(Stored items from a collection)
--

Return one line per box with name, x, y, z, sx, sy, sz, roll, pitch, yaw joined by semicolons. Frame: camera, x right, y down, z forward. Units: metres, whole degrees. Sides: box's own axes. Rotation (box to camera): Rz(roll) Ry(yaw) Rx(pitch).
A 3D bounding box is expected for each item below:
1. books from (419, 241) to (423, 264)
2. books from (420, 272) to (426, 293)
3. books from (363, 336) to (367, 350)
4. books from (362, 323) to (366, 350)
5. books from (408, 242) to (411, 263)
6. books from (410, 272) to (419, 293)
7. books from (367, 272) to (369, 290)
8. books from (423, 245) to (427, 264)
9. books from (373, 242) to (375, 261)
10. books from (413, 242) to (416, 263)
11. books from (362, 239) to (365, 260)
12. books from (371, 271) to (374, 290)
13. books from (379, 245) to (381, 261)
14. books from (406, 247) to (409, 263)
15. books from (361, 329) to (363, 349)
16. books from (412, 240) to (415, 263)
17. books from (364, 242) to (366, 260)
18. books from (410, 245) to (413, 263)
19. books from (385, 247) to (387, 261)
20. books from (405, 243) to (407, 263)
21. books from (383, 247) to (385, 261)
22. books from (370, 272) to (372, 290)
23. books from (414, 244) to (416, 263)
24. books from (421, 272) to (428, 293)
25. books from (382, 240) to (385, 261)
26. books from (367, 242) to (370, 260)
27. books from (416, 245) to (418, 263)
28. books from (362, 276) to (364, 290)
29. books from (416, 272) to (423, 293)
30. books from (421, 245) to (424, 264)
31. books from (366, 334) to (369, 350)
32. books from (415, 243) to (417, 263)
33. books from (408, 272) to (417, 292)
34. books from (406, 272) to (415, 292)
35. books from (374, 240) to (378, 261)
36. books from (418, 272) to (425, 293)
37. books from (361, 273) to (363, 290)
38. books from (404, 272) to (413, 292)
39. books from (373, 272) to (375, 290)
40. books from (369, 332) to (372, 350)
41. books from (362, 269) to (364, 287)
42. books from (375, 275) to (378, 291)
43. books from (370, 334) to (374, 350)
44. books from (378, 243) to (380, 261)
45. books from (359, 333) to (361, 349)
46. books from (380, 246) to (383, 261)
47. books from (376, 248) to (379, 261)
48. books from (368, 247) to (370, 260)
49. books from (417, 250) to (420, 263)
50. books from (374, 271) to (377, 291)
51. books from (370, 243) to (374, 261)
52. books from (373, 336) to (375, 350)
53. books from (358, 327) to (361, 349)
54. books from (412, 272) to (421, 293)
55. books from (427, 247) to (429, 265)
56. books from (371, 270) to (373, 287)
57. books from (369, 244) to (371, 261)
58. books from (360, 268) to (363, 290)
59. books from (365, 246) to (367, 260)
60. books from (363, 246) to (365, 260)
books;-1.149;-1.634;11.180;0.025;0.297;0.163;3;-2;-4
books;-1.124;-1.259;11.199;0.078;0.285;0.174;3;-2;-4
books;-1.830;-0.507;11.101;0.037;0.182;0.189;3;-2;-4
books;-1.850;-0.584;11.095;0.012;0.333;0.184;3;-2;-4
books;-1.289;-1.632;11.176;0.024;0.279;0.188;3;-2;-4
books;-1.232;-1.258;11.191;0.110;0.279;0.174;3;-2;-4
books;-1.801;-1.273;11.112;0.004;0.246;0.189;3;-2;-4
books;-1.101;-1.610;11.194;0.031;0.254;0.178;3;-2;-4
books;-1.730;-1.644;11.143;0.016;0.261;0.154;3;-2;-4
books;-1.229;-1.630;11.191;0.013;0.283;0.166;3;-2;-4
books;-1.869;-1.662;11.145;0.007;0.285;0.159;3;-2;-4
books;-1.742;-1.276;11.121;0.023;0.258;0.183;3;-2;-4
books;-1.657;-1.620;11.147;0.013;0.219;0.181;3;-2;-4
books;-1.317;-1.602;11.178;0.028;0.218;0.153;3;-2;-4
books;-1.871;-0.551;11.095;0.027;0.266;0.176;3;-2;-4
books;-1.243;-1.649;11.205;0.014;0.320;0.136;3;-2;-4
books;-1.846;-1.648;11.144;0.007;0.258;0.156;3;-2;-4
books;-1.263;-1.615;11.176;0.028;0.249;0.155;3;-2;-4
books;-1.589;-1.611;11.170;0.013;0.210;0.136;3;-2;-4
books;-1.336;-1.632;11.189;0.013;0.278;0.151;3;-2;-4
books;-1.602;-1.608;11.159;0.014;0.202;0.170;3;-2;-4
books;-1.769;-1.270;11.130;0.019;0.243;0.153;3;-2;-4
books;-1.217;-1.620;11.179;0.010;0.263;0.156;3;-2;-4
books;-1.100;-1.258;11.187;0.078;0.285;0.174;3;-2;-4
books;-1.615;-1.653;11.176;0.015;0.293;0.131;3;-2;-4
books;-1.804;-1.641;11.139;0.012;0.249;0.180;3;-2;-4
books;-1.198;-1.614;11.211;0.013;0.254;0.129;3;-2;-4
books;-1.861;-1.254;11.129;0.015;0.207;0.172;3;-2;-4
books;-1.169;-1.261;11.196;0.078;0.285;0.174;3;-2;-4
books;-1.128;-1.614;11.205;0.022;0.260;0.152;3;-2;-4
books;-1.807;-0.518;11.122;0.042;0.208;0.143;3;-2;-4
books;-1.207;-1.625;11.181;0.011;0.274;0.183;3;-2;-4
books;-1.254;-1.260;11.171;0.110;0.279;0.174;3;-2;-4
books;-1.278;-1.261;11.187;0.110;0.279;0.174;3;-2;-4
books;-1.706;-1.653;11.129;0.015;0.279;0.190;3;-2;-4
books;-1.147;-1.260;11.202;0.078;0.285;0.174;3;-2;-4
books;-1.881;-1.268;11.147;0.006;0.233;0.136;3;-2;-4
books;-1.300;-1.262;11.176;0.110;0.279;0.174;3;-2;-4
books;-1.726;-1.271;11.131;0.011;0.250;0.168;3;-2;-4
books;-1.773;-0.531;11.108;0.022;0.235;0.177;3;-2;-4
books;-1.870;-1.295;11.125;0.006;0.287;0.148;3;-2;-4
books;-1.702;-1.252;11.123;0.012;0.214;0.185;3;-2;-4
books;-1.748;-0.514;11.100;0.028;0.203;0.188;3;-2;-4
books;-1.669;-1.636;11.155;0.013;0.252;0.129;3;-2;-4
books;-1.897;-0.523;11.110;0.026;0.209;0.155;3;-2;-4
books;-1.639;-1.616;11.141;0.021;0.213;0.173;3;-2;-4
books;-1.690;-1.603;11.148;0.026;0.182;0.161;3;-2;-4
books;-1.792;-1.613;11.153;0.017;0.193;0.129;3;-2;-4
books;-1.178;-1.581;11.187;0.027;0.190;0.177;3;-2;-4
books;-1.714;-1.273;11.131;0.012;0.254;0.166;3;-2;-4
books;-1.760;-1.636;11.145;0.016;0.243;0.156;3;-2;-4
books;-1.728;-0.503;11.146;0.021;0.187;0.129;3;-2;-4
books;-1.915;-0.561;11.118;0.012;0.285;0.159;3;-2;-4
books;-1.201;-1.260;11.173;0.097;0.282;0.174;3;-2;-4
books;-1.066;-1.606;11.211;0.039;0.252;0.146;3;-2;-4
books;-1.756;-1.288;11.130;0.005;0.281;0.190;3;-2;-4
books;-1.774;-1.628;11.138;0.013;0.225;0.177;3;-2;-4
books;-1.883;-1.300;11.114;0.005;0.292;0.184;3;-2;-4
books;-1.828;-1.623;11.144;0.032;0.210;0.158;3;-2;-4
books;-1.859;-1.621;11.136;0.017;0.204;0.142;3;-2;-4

--

— TASK TO CARRY OUT —
All of the records above are to be returned exactly as they stand.

— ANSWER FOR THIS EXERCISE —
Return one line per box with name, x, y, z, sx, sy, sz, roll, pitch, yaw joined by semicolons. Frame: camera, x right, y down, z forward. Units: metres, whole degrees. Sides: box's own axes. Rotation (box to camera): Rz(roll) Ry(yaw) Rx(pitch).
A 3D bounding box is expected for each item below:
1. books from (419, 241) to (423, 264)
2. books from (420, 272) to (426, 293)
3. books from (363, 336) to (367, 350)
4. books from (362, 323) to (366, 350)
5. books from (408, 242) to (411, 263)
6. books from (410, 272) to (419, 293)
7. books from (367, 272) to (369, 290)
8. books from (423, 245) to (427, 264)
9. books from (373, 242) to (375, 261)
10. books from (413, 242) to (416, 263)
11. books from (362, 239) to (365, 260)
12. books from (371, 271) to (374, 290)
13. books from (379, 245) to (381, 261)
14. books from (406, 247) to (409, 263)
15. books from (361, 329) to (363, 349)
16. books from (412, 240) to (415, 263)
17. books from (364, 242) to (366, 260)
18. books from (410, 245) to (413, 263)
19. books from (385, 247) to (387, 261)
20. books from (405, 243) to (407, 263)
21. books from (383, 247) to (385, 261)
22. books from (370, 272) to (372, 290)
23. books from (414, 244) to (416, 263)
24. books from (421, 272) to (428, 293)
25. books from (382, 240) to (385, 261)
26. books from (367, 242) to (370, 260)
27. books from (416, 245) to (418, 263)
28. books from (362, 276) to (364, 290)
29. books from (416, 272) to (423, 293)
30. books from (421, 245) to (424, 264)
31. books from (366, 334) to (369, 350)
32. books from (415, 243) to (417, 263)
33. books from (408, 272) to (417, 292)
34. books from (406, 272) to (415, 292)
35. books from (374, 240) to (378, 261)
36. books from (418, 272) to (425, 293)
37. books from (361, 273) to (363, 290)
38. books from (404, 272) to (413, 292)
39. books from (373, 272) to (375, 290)
40. books from (369, 332) to (372, 350)
41. books from (362, 269) to (364, 287)
42. books from (375, 275) to (378, 291)
43. books from (370, 334) to (374, 350)
44. books from (378, 243) to (380, 261)
45. books from (359, 333) to (361, 349)
46. books from (380, 246) to (383, 261)
47. books from (376, 248) to (379, 261)
48. books from (368, 247) to (370, 260)
49. books from (417, 250) to (420, 263)
50. books from (374, 271) to (377, 291)
51. books from (370, 243) to (374, 261)
52. books from (373, 336) to (375, 350)
53. books from (358, 327) to (361, 349)
54. books from (412, 272) to (421, 293)
55. books from (427, 247) to (429, 265)
56. books from (371, 270) to (373, 287)
57. books from (369, 244) to (371, 261)
58. books from (360, 268) to (363, 290)
59. books from (365, 246) to (367, 260)
60. books from (363, 246) to (365, 260)
books;-1.149;-1.634;11.180;0.025;0.297;0.163;3;-2;-4
books;-1.124;-1.259;11.199;0.078;0.285;0.174;3;-2;-4
books;-1.830;-0.507;11.101;0.037;0.182;0.189;3;-2;-4
books;-1.850;-0.584;11.095;0.012;0.333;0.184;3;-2;-4
books;-1.289;-1.632;11.176;0.024;0.279;0.188;3;-2;-4
books;-1.232;-1.258;11.191;0.110;0.279;0.174;3;-2;-4
books;-1.801;-1.273;11.112;0.004;0.246;0.189;3;-2;-4
books;-1.101;-1.610;11.194;0.031;0.254;0.178;3;-2;-4
books;-1.730;-1.644;11.143;0.016;0.261;0.154;3;-2;-4
books;-1.229;-1.630;11.191;0.013;0.283;0.166;3;-2;-4
books;-1.869;-1.662;11.145;0.007;0.285;0.159;3;-2;-4
books;-1.742;-1.276;11.121;0.023;0.258;0.183;3;-2;-4
books;-1.657;-1.620;11.147;0.013;0.219;0.181;3;-2;-4
books;-1.317;-1.602;11.178;0.028;0.218;0.153;3;-2;-4
books;-1.871;-0.551;11.095;0.027;0.266;0.176;3;-2;-4
books;-1.243;-1.649;11.205;0.014;0.320;0.136;3;-2;-4
books;-1.846;-1.648;11.144;0.007;0.258;0.156;3;-2;-4
books;-1.263;-1.615;11.176;0.028;0.249;0.155;3;-2;-4
books;-1.589;-1.611;11.170;0.013;0.210;0.136;3;-2;-4
books;-1.336;-1.632;11.189;0.013;0.278;0.151;3;-2;-4
books;-1.602;-1.608;11.159;0.014;0.202;0.170;3;-2;-4
books;-1.769;-1.270;11.130;0.019;0.243;0.153;3;-2;-4
books;-1.217;-1.620;11.179;0.010;0.263;0.156;3;-2;-4
books;-1.100;-1.258;11.187;0.078;0.285;0.174;3;-2;-4
books;-1.615;-1.653;11.176;0.015;0.293;0.131;3;-2;-4
books;-1.804;-1.641;11.139;0.012;0.249;0.180;3;-2;-4
books;-1.198;-1.614;11.211;0.013;0.254;0.129;3;-2;-4
books;-1.861;-1.254;11.129;0.015;0.207;0.172;3;-2;-4
books;-1.169;-1.261;11.196;0.078;0.285;0.174;3;-2;-4
books;-1.128;-1.614;11.205;0.022;0.260;0.152;3;-2;-4
books;-1.807;-0.518;11.122;0.042;0.208;0.143;3;-2;-4
books;-1.207;-1.625;11.181;0.011;0.274;0.183;3;-2;-4
books;-1.254;-1.260;11.171;0.110;0.279;0.174;3;-2;-4
books;-1.278;-1.261;11.187;0.110;0.279;0.174;3;-2;-4
books;-1.706;-1.653;11.129;0.015;0.279;0.190;3;-2;-4
books;-1.147;-1.260;11.202;0.078;0.285;0.174;3;-2;-4
books;-1.881;-1.268;11.147;0.006;0.233;0.136;3;-2;-4
books;-1.300;-1.262;11.176;0.110;0.279;0.174;3;-2;-4
books;-1.726;-1.271;11.131;0.011;0.250;0.168;3;-2;-4
books;-1.773;-0.531;11.108;0.022;0.235;0.177;3;-2;-4
books;-1.870;-1.295;11.125;0.006;0.287;0.148;3;-2;-4
books;-1.702;-1.252;11.123;0.012;0.214;0.185;3;-2;-4
books;-1.748;-0.514;11.100;0.028;0.203;0.188;3;-2;-4
books;-1.669;-1.636;11.155;0.013;0.252;0.129;3;-2;-4
books;-1.897;-0.523;11.110;0.026;0.209;0.155;3;-2;-4
books;-1.639;-1.616;11.141;0.021;0.213;0.173;3;-2;-4
books;-1.690;-1.603;11.148;0.026;0.182;0.161;3;-2;-4
books;-1.792;-1.613;11.153;0.017;0.193;0.129;3;-2;-4
books;-1.178;-1.581;11.187;0.027;0.190;0.177;3;-2;-4
books;-1.714;-1.273;11.131;0.012;0.254;0.166;3;-2;-4
books;-1.760;-1.636;11.145;0.016;0.243;0.156;3;-2;-4
books;-1.728;-0.503;11.146;0.021;0.187;0.129;3;-2;-4
books;-1.915;-0.561;11.118;0.012;0.285;0.159;3;-2;-4
books;-1.201;-1.260;11.173;0.097;0.282;0.174;3;-2;-4
books;-1.066;-1.606;11.211;0.039;0.252;0.146;3;-2;-4
books;-1.756;-1.288;11.130;0.005;0.281;0.190;3;-2;-4
books;-1.774;-1.628;11.138;0.013;0.225;0.177;3;-2;-4
books;-1.883;-1.300;11.114;0.005;0.292;0.184;3;-2;-4
books;-1.828;-1.623;11.144;0.032;0.210;0.158;3;-2;-4
books;-1.859;-1.621;11.136;0.017;0.204;0.142;3;-2;-4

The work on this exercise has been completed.